Странствуя по родному краю, Шахин-ходжа заходил в школы, чтобы посмотреть, как учат в деревнях и местечках. Эти начальные школы ничем не отличались от медресе. И жалко было смотреть на ребятишек, которых взяли прямо с улиц, залитых ярким солнечным светом, с берегов прохладных речек и упрятали в мрачные темницы, называемые школой.
А что будет с ними, когда они получат начальное образование?
Самые бойкие, самые смышлёные, несмотря на угрозы и побои, сбегут из ненавистных школ и вернутся к земле. А те, кто останется, будут зубрить, как азбуку, никому не нужные тексты, будут запоминать прописные истины, от которых, кроме вреда, нечего ждать. А потом эти дети подрастут, сменят своих отцов и старших братьев. Но разве в умственном отношении между ними будет разница? Ни на волос!..
И люди нового поколения, так же как и те, кого они сменят, не будут знать, о чём следует думать, что следует делать. Подобно сорным травам, они засохнут на том же поле, где выросли, или же станут послушным орудием в руках великих мира сего, чтобы во имя каких-то подозрительных интриг и чьих-то сомнительных интересов отправиться, словно стадо баранов, на бессмысленную смерть...
Так думал Шахин-ходжа. И с каждым днём великое чувство любви и жалости, которое юноша испытывал к детям, росло, крепло и ширилось, распространяясь уже на всю страну, и, наконец, однажды побеждённый воин зелёной армии перешёл добровольцем в армию, служащую иной цели,– он стал учителем начальной школы.
Глава третья
Расставшись с медресе, Шахин-эфенди долго шёл по улицам, пока не очутился перед старым зданием учительского института.
Теперь здесь находилось уже другое учреждение, и Шахин не решился войти внутрь. Он остановился на другой стороне улицы, как раз напротив парадной двери, и прислонился к стене, не заботясь о своём новом саржевом костюме...
Второй год в стране существовала конституция. Но было ясно, что, сменив лишь систему управления, спасти государство всё равно не удастся. И вот на страницах газет стали без конца писать об «учительской армии» [38]. Естественно, что учительский институт, считавшийся генеральным штабом этой армии, пользовался огромной популярностью.
В дни записи и приёма в институт здание гудело, словно пчелиный улей. Среди желающих поступить учиться очень много было чалмоносцев, таких же, как Шахин-эфенди.
Несмотря на мрачное настроение и подавленность, которые мучили юношу в последние годы, Шахин оставался лучшим учеником в медресе Сомунджуоглу. Через год он должен был получить диплом. И когда Шахин заявил, что покидает медресе и поступает в институт, мюдеррисы всполошились. Нет, учителя не желали расставаться со своим способным учеником, который мог принести им славу и почёт.

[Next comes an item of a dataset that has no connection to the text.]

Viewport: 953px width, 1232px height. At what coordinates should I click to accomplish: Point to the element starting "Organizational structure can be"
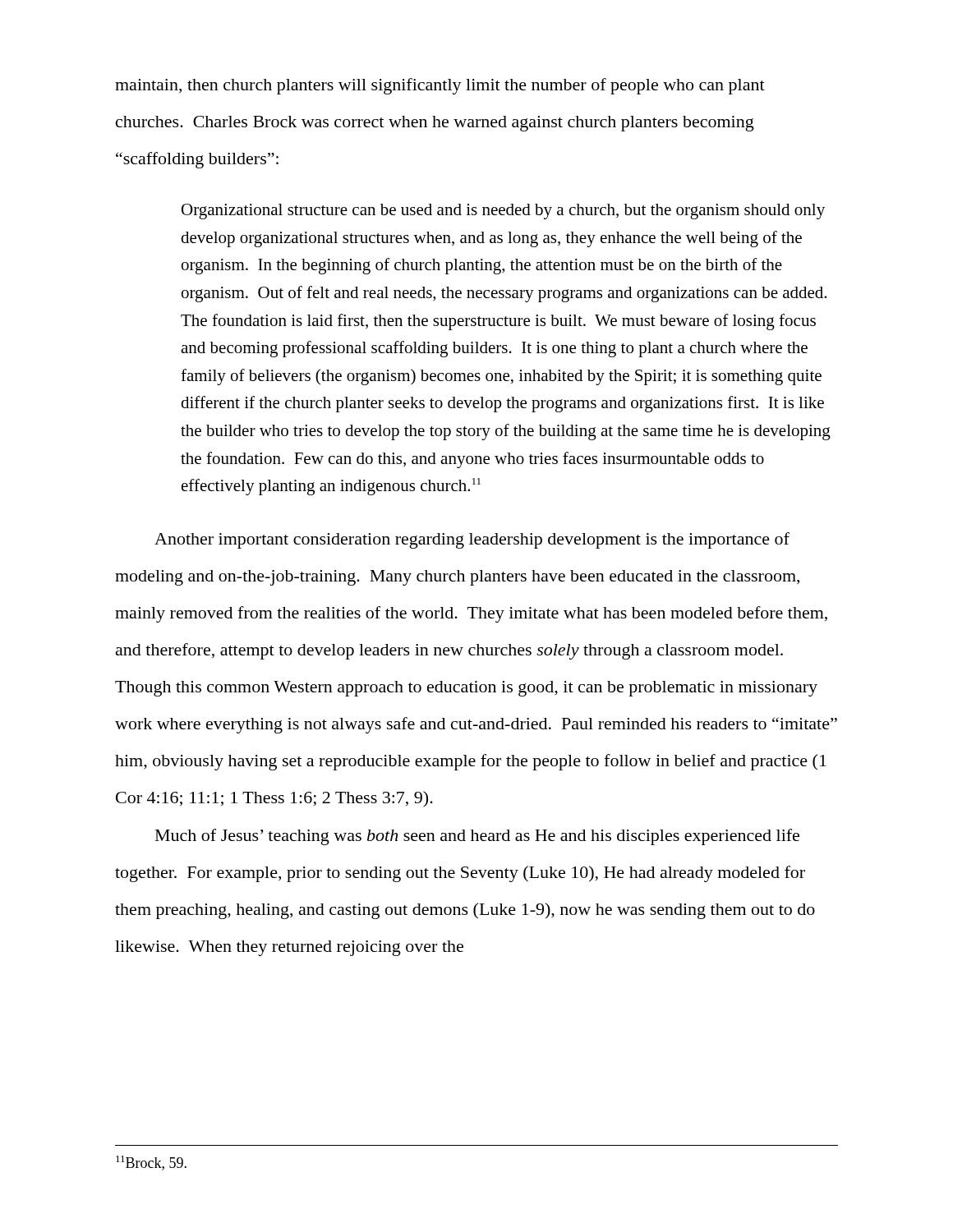pos(506,348)
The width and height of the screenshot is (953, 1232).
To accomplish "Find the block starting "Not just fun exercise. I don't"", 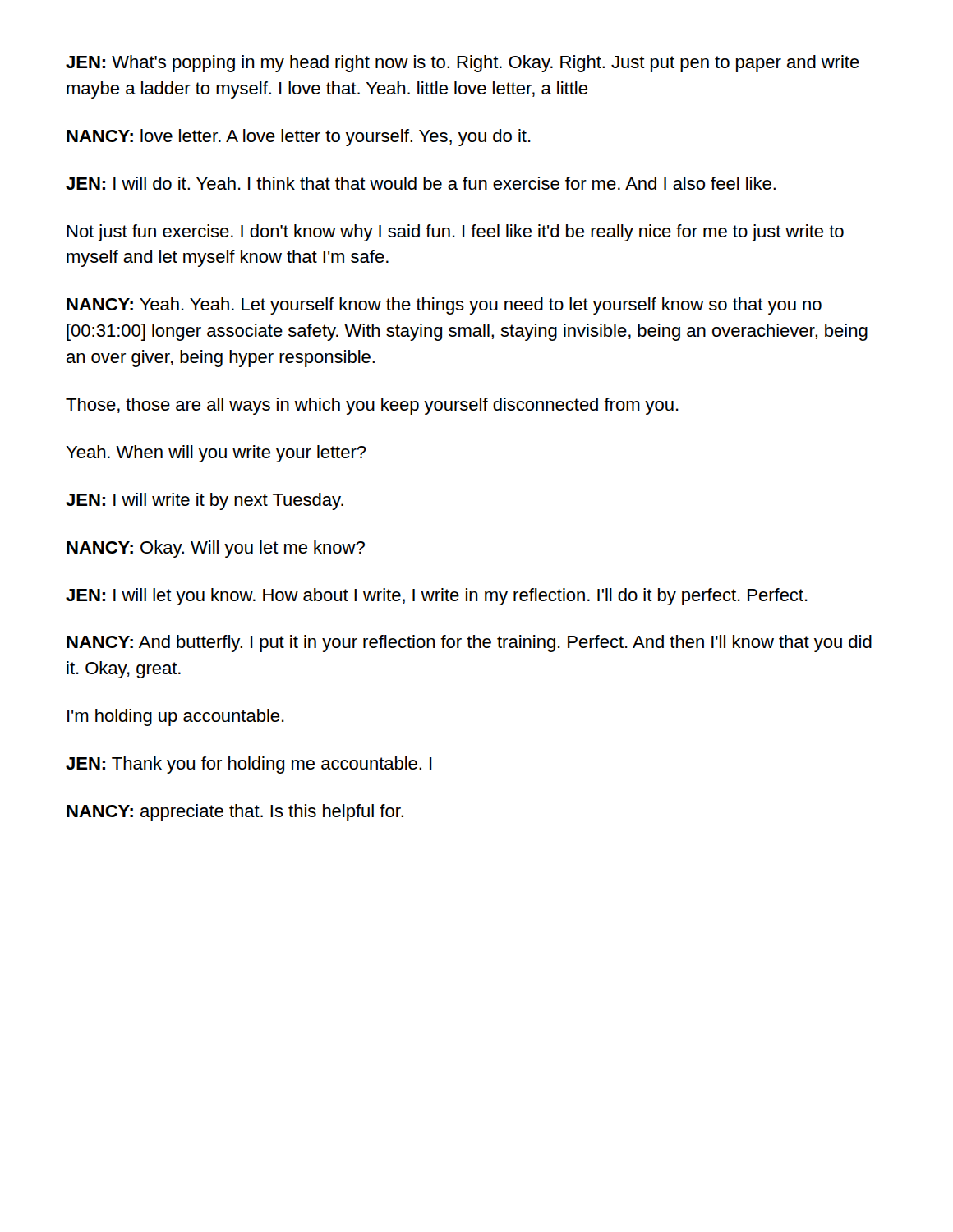I will (455, 244).

Одни упрекали его в измене великому делу; другие уговаривали подождать год, получить диплом, а потом стать учителем начальной школы [39].
Но Шахин не послушался ни своих преподавателей, ни товарищей. В один прекрасный день он робко вошёл через парадную дверь в это здание и смешался с толпой кандидатов, заполнивших коридоры и сад.
Директор встретил бедно одетого софту не очень-то любезно.
– Мы принимаем студентов по конкурсным экзаменам,– сказал он.– Ну как, ходжа? Коль надеешься на свои силы, попробуй. Если хочешь, попытай ещё раз счастье...
На голову Шахина-ходжи словно обрушилась крыша дома. Держать экзамены вместе с этими шустрыми ребятами, которые, наверно, обучались в лицеях всем современным наукам?
Шахин всё же пришёл на экзамены, не питая, правда, особых надежд. Как одиноко чувствовал он себя в огромном коридоре, где набилось сотни две кандидатов. Несмело написал он ответы на все заданные вопросы. Возвращался юноша с тяжёлым сердцем.
Через неделю Шахин рискнул обратиться к директору. Он побоялся спросить, приняли ли его, и поэтому попросил лишь вернуть ему документы. Директор осведомился, как зовут его, а когда Шахин назвал себя, то не поверил, переспросил ещё раз, потом в великом удивлении воскликнул:
– Ходжа! Да ведь ты на конкурсе второе место занял!
– Бей-эфенди,– в голосе молодого софты звучаяи тоска и уныние,– уж что-что, а себя-то я знаю. Разве мы виноваты, что медресе нас ничему не научили? Зачем же шутить над несчастным софтой? У него и без того хватает горя. Разве это великодушно с вашей стороны?..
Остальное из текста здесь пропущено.